Steal a page from the playbook of Kiefer Sutherland's gamechanging "real-time" high-stakes noir espionage potboiler 24: establish at the outset that every episode of "Up All Night" stands for one day in the harried life of this pair of new parents' existences! That way, at the end of a full season, the kid is not twelve months old (and consequently completely unbelievable). The kid's only twelve days old.

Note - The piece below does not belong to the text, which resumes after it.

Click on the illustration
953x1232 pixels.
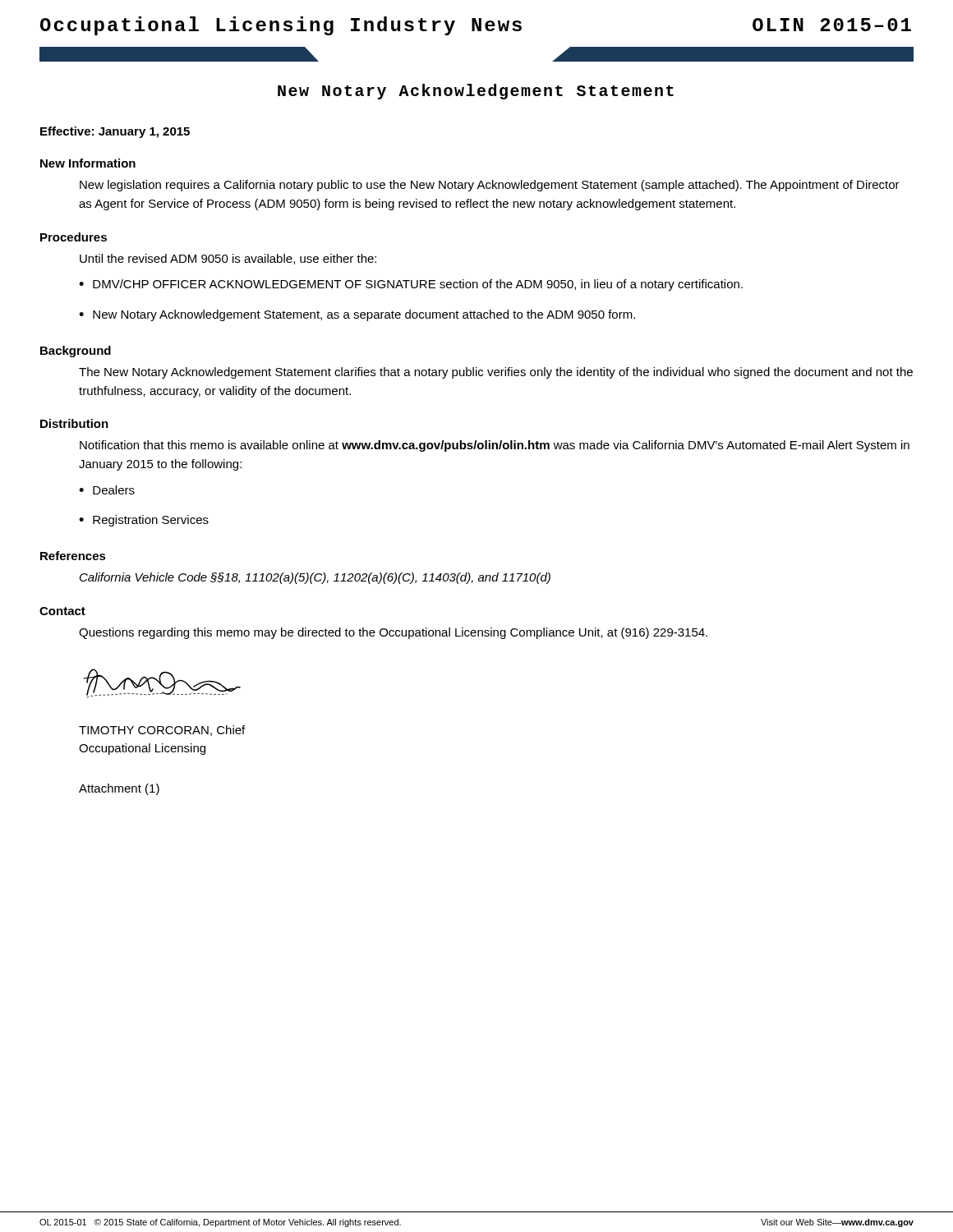click(x=496, y=684)

Wait. How many episodes in a full season of television? What, like, thirty episodes, maybe? Fine, so the kid's thirty days old. That's acceptable. Every season, kid gets a month older. That still gives you a lot of breathing room, to run believably on in that same sweetly comedic rut for years, before you have to resort to the ol' genre switcheroo!

Speaking of which, I should warn you right now, we might want to soften that genre switcheroo a bit. It's not quite...testing, with our premise-testers. So Plan B to that would be, just make up some fictitious disease that keeps the kid cranky 'til they're like, ready for kindergarten. Best of both worlds, keep the comedy angle but you're still a little bit daring, in that you've given the kid a fictional disease.

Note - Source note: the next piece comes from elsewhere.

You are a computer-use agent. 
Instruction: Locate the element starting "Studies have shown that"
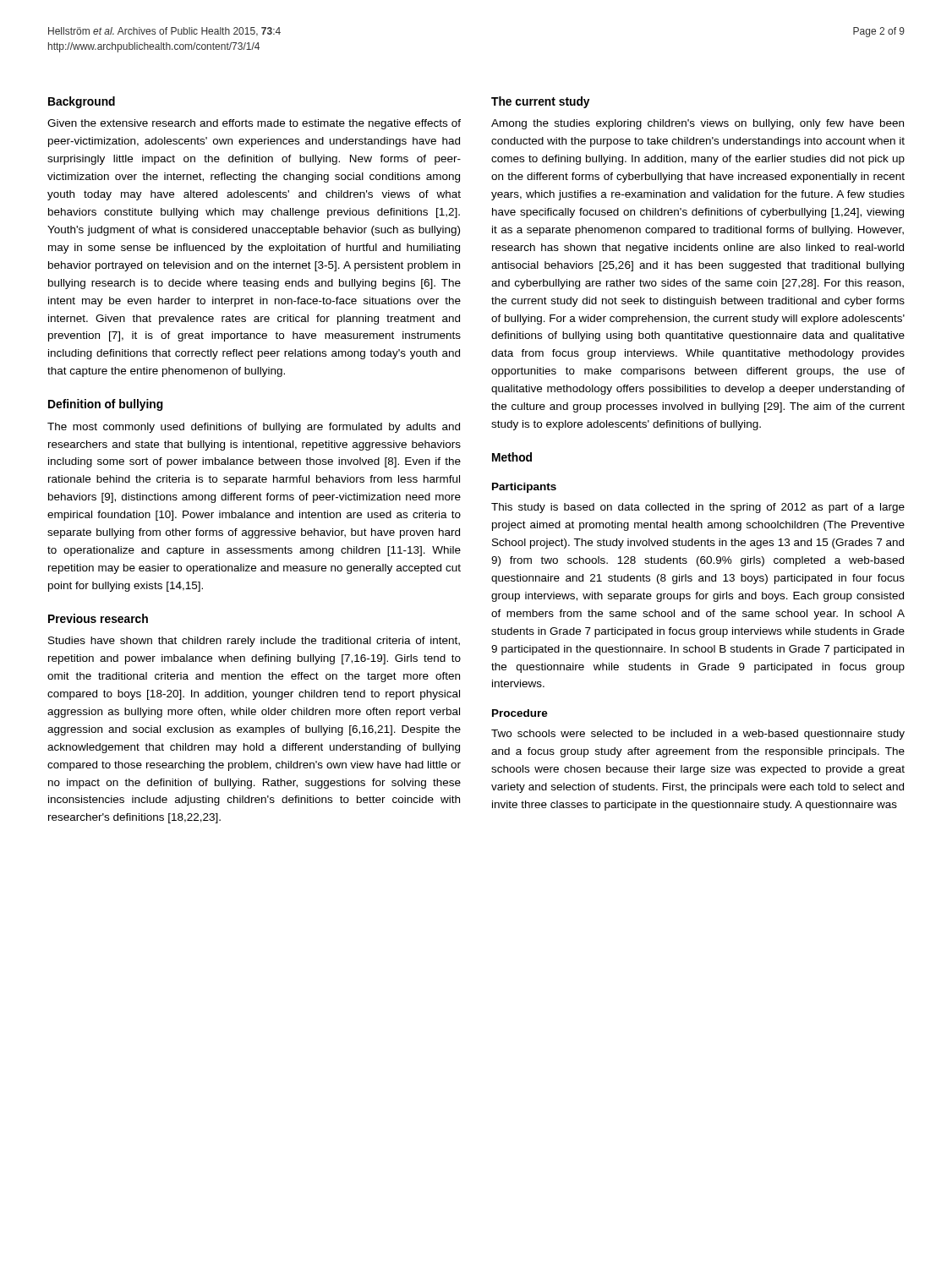coord(254,730)

Might have to lower our sights, though, award-wise.

Fall TV Preview Review! A New Feature! Episode 1: "Up All Night"

As always with Preview Review, this piece is based solely on the ad. I haven't seen the show yet! So a grain of salt, please - and please don't come telling me any of this is a SPOILER. It cannot possibly be a SPOILER. All I've seen is the ad.

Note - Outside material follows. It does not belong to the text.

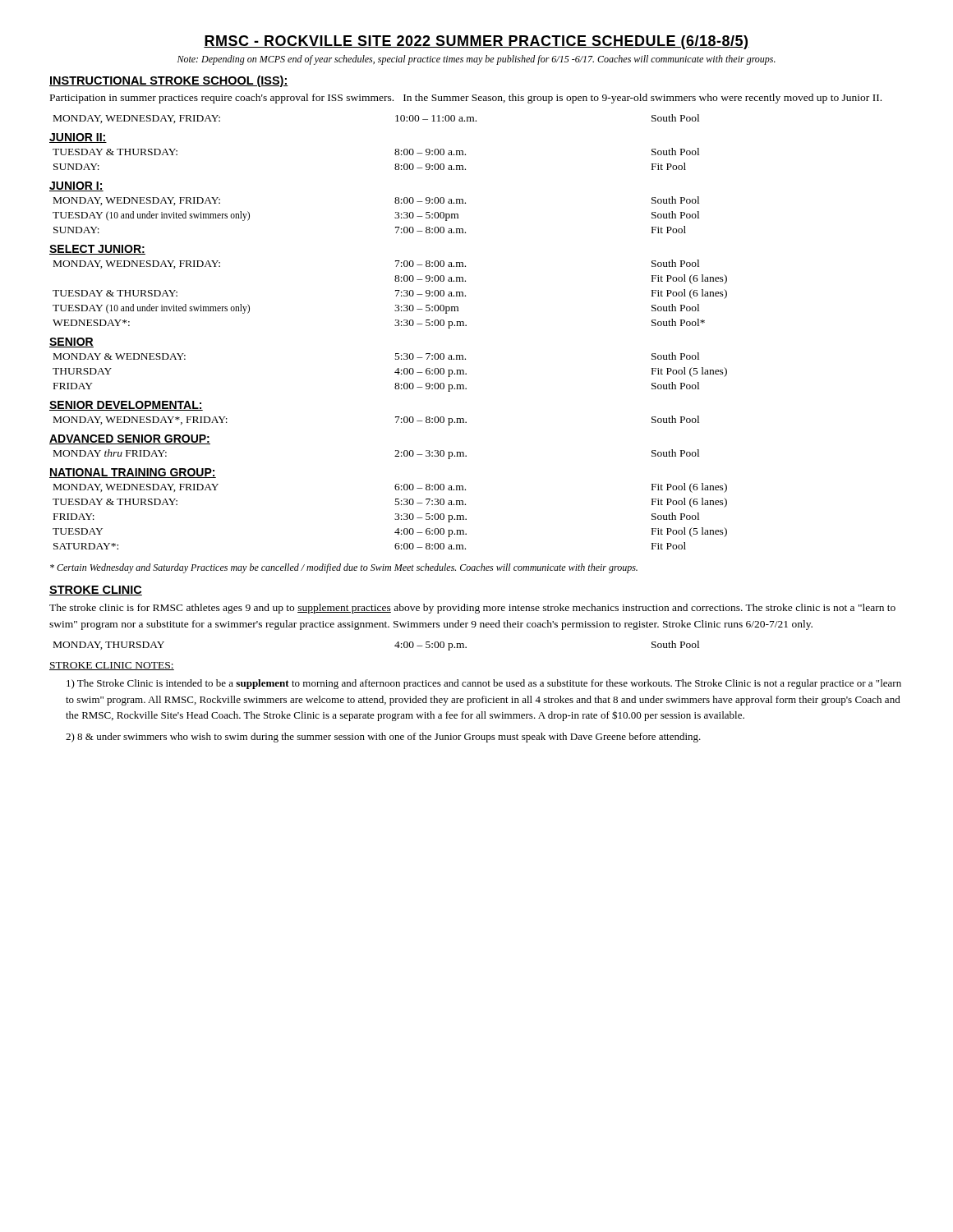The width and height of the screenshot is (953, 1232).
Task: Point to the block beginning "Participation in summer practices require coach's approval"
Action: pos(466,97)

NBC's new show "Up All Night" features the always wry & charming Will Arnett (formerly of "Arrested Development") plus the sharp, spunky stylings of Christina Applegate (soon to be wowing crowds in the upcoming Anchorman III: Run Ron Jeremy Run! The San Diego City Councilman Story) who if I may say so is in the midst of a career reinvention! These two sparks-striking leads shine as the parents of an adorable newborn, whose loud squalls and boisterous demands for attention and comforting keep 'em "Up All Night."

I'm pretty sure it's NBC. It's definitely a network show! Not one of those po-dunk off-broadway cable channel deals. To be on the safe side, let's just say "NBC" as an example of a network that this show might be on.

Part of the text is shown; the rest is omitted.